_Information provided_.
------------------------------------------------------------
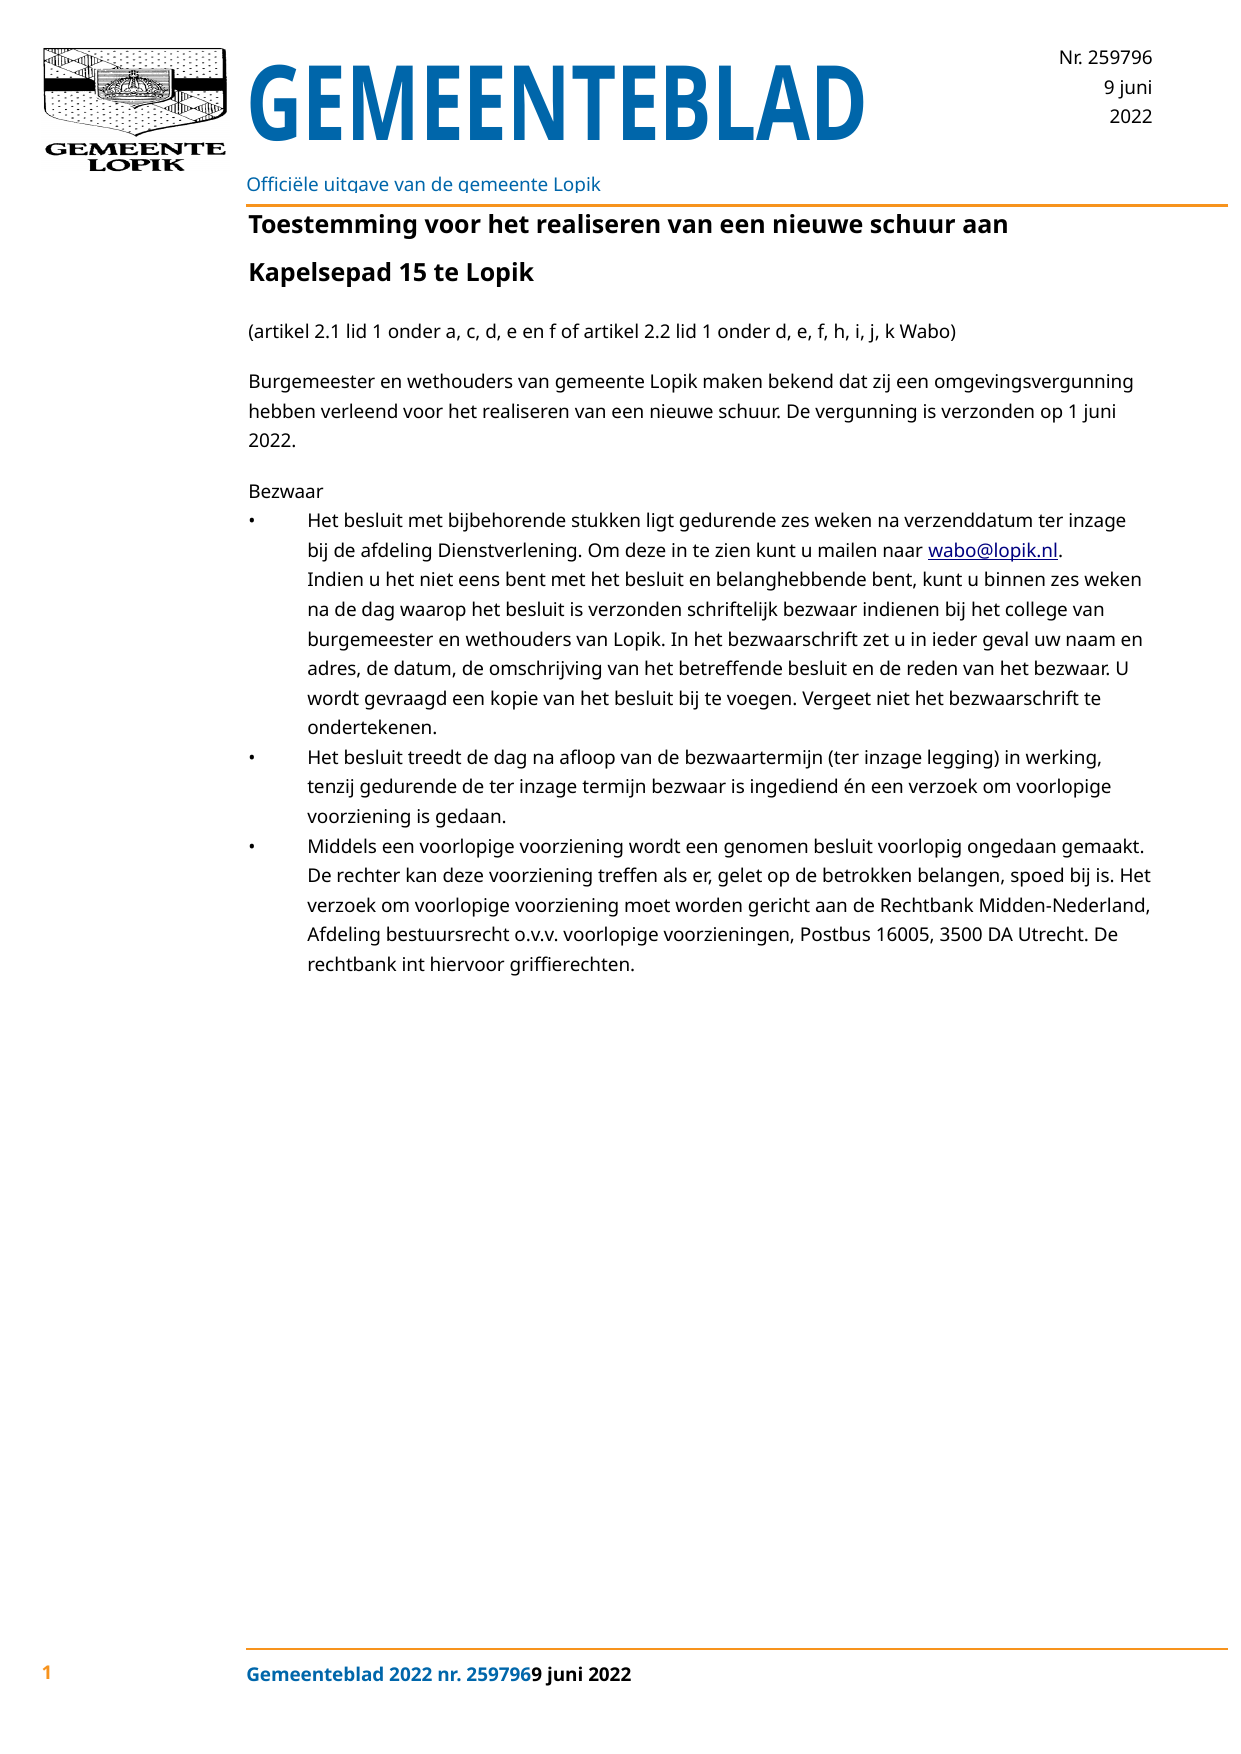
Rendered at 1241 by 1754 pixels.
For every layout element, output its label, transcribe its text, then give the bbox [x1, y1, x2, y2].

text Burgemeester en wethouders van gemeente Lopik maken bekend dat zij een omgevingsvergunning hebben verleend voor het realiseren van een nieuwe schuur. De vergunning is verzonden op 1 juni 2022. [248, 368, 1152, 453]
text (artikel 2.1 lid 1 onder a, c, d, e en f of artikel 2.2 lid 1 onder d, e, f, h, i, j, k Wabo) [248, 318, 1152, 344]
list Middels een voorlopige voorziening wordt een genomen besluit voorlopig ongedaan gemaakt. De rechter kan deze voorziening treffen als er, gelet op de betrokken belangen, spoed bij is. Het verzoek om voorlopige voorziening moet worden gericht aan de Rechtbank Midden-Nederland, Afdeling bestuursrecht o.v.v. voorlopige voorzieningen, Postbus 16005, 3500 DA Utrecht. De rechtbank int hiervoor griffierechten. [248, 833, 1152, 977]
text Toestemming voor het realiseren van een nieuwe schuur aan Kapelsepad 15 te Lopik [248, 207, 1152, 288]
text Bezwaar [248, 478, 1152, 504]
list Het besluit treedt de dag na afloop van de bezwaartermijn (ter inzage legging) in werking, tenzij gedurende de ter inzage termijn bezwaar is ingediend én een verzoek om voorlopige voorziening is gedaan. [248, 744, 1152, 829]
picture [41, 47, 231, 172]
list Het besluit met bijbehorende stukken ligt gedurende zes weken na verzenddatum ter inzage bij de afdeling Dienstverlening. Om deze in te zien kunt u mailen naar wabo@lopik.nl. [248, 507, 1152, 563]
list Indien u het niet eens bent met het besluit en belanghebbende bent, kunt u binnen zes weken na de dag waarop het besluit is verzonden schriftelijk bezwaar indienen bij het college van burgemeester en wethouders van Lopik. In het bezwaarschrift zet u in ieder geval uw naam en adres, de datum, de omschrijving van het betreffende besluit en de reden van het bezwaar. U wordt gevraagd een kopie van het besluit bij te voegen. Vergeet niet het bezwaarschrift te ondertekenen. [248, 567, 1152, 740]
------------------------------------------------------------
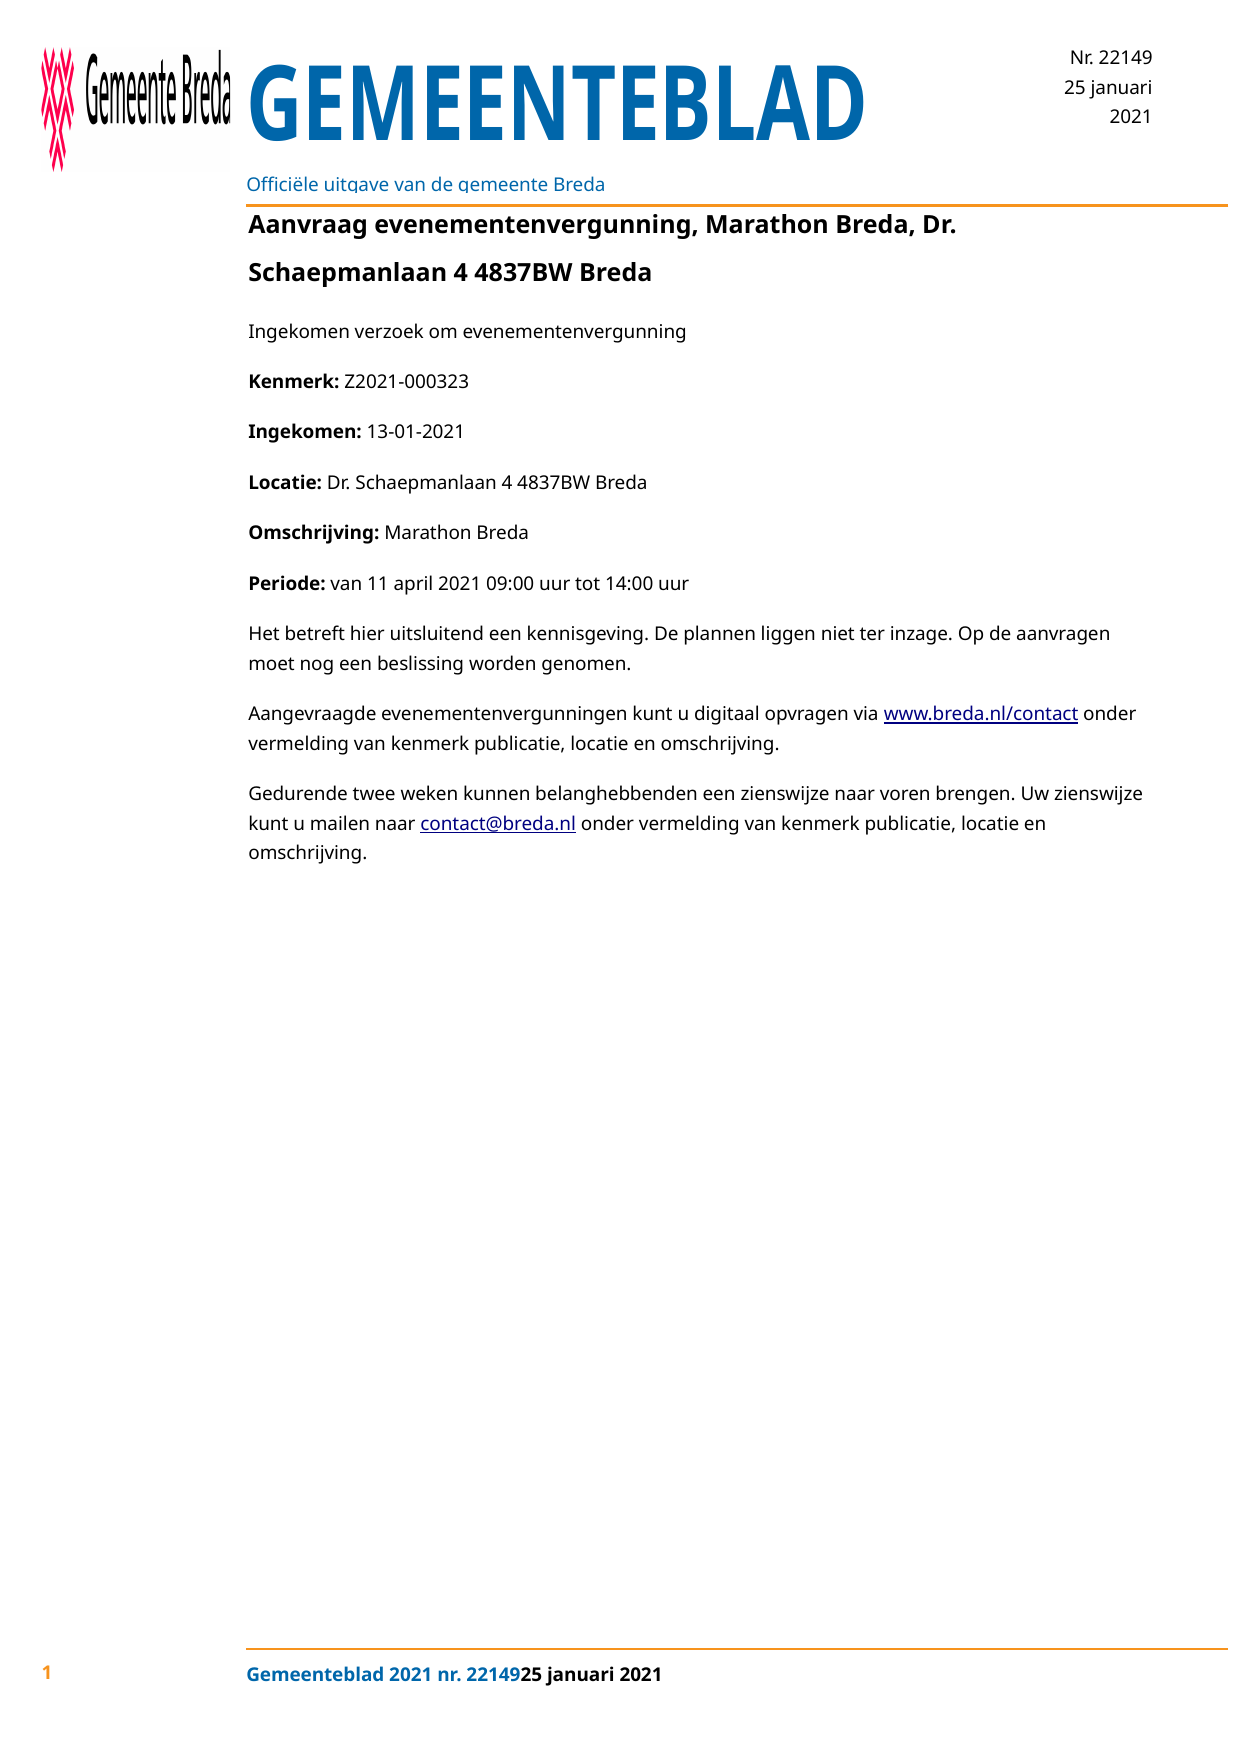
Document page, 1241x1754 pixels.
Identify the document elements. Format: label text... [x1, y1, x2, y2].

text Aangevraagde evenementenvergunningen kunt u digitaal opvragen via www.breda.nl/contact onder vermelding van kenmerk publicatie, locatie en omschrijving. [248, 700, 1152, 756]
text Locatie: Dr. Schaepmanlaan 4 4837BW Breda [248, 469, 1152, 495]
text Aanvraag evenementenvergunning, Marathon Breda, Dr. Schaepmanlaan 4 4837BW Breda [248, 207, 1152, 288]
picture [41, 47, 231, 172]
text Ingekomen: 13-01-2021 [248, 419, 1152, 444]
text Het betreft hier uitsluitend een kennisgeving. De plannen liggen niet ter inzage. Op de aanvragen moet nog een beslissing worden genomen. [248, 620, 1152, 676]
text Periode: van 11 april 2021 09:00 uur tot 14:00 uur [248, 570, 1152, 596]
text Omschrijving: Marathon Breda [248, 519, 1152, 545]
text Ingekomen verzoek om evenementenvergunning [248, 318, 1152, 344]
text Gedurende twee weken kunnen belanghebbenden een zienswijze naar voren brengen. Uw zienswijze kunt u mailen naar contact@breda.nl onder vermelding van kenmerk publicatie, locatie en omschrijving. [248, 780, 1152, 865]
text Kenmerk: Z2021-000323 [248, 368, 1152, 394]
------------------------------------------------------------
_Aim of the exercise_. From the records above, extract exactly and only the lines that begin at the line with "text Aanvraag evenementenvergunning, Marathon" and stop after the line with "text Kenmerk: Z2021-000323".

_Final answer_.
text Aanvraag evenementenvergunning, Marathon Breda, Dr. Schaepmanlaan 4 4837BW Breda [248, 207, 1152, 288]
picture [41, 47, 231, 172]
text Ingekomen: 13-01-2021 [248, 419, 1152, 444]
text Het betreft hier uitsluitend een kennisgeving. De plannen liggen niet ter inzage. Op de aanvragen moet nog een beslissing worden genomen. [248, 620, 1152, 676]
text Periode: van 11 april 2021 09:00 uur tot 14:00 uur [248, 570, 1152, 596]
text Omschrijving: Marathon Breda [248, 519, 1152, 545]
text Ingekomen verzoek om evenementenvergunning [248, 318, 1152, 344]
text Gedurende twee weken kunnen belanghebbenden een zienswijze naar voren brengen. Uw zienswijze kunt u mailen naar contact@breda.nl onder vermelding van kenmerk publicatie, locatie en omschrijving. [248, 780, 1152, 865]
text Kenmerk: Z2021-000323 [248, 368, 1152, 394]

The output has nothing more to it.